Dr. Karen Davis postulates "[c]an one regard a fellow creature as a property item, an investment, a piece of meat, an `it,' without degenerating into cruelty and dishonesty towards that creature? Human slavery was brutal. Does anyone really believe that nonhuman slavery operates on a higher plane?"

The first portion of this very important book beckons the reader to view chickens as more than mere food, more than simply an aspect of agribusiness, but rather sentient beings capable of a wide range of emotions not too different from our own. Davis accomplishes this by incorporating various personal stories and anecdotes regarding her own chickens, as well as quotations from other chicken owners and those who have visited slaughter houses and hatcheries first hand.
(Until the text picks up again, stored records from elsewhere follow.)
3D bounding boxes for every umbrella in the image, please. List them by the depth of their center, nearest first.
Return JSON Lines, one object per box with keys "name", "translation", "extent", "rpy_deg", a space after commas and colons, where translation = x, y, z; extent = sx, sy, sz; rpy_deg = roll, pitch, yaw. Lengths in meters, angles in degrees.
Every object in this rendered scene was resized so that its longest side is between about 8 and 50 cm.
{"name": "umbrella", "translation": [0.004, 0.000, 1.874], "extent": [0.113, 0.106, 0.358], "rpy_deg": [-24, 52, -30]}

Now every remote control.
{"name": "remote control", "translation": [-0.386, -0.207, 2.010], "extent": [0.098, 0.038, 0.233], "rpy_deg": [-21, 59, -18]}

After making this key point, the reader is treated to the appallingly repulsive goings-on at hatcheries and slaughter houses, as well as other malevolent profanities we humans put chickens through so we can continue to eat "well." Davis describes in excruciating, brutally honest detail the horrid environment in which chickens (particularly egg-laying) spend their lives, in their entirety. This lack of a proper, more naturalized, environment leads to disease and malnutrition in these chickens, as well as "cannibalistic" behavior (in actuality a manifestation of their natural pecking instinct), which in turn lead to hideous vaccination and de-beaking processes. Furthermore, the actual process of slaughter is described in meticulous detail, including electrocution, gassing, and neck-slicing (all of which most chickens are still alive for). In addition, it isn't exactly news that broiler chickens are being genetically "engineered" to have larger breasts in order to enlarge profits, and that these chickens frequently suffer ill effects such as broken legs and orthopedic disorders.
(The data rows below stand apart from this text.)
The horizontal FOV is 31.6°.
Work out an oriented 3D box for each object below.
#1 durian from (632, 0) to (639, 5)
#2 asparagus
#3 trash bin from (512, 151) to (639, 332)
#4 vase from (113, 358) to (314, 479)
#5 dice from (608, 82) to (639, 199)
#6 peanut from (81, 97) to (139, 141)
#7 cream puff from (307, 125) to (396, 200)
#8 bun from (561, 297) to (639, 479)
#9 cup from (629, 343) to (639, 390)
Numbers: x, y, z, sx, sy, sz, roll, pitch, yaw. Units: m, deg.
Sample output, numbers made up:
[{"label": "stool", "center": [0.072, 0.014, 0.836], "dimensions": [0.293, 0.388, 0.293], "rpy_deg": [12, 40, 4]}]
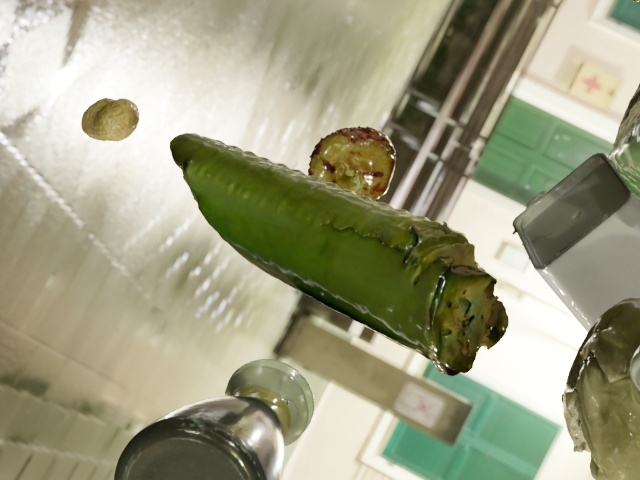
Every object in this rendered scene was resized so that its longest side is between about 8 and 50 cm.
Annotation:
[{"label": "durian", "center": [0.457, -0.384, 1.414], "dimensions": [0.237, 0.193, 0.138], "rpy_deg": [-63, -157, -4]}, {"label": "asparagus", "center": [0.000, 0.000, 1.052], "dimensions": [0.108, 0.382, 0.128], "rpy_deg": [-50, 140, -18]}, {"label": "trash bin", "center": [0.476, 0.077, 1.656], "dimensions": [0.256, 0.368, 0.296], "rpy_deg": [-40, -158, 17]}, {"label": "vase", "center": [-0.100, 0.242, 1.329], "dimensions": [0.173, 0.173, 0.321], "rpy_deg": [-65, 171, 16]}, {"label": "dice", "center": [0.516, -0.138, 1.182], "dimensions": [0.318, 0.322, 0.330], "rpy_deg": [-60, 178, 0]}, {"label": "peanut", "center": [-0.246, -0.142, 1.329], "dimensions": [0.113, 0.054, 0.054], "rpy_deg": [3, -121, 56]}, {"label": "cream puff", "center": [0.044, -0.121, 1.777], "dimensions": [0.084, 0.149, 0.149], "rpy_deg": [-113, -141, -52]}, {"label": "bun", "center": [0.349, 0.188, 1.341], "dimensions": [0.210, 0.116, 0.237], "rpy_deg": [97, 0, -71]}, {"label": "cup", "center": [0.425, 0.136, 1.061], "dimensions": [0.186, 0.258, 0.234], "rpy_deg": [-58, 159, -34]}]

If the atrocities that chickens experience aren't enough to spur the reader into disgusted amazement, Davis points out ill effects for humans as well. For example, uric acid from the fecal matter abundant in the close confines of egg-laying hens releases ammonia into the atmosphere, which has been shown to absorb into the eggs slated for human consumption. Not to mention the illnesses and diseases running rampant in chickens that still find their way onto dinner tables across the globe. Is ignorance really bliss, or would you prefer to be enlightened as to what exactly goes into the chicken contents of canned soup, school lunches, pet food, and chicken nuggets?

By the end of this book, Davis is stating that vegetarianism, or more specifically veganism, is the answer to the aforementioned problems. Though that may seem extreme for most people, Davis does make a thorough and well-researched argument.

Though most of this information is somewhat dated (most data coming from 1995), the issue is no less pertinent. I would, however, be curious to see more recent data. This is a book everyone should read before their next flesh-devouring feast. Indeed, non-human slavery should not operate on a higher plane, and it would seem that there are those who need to be reminded of this.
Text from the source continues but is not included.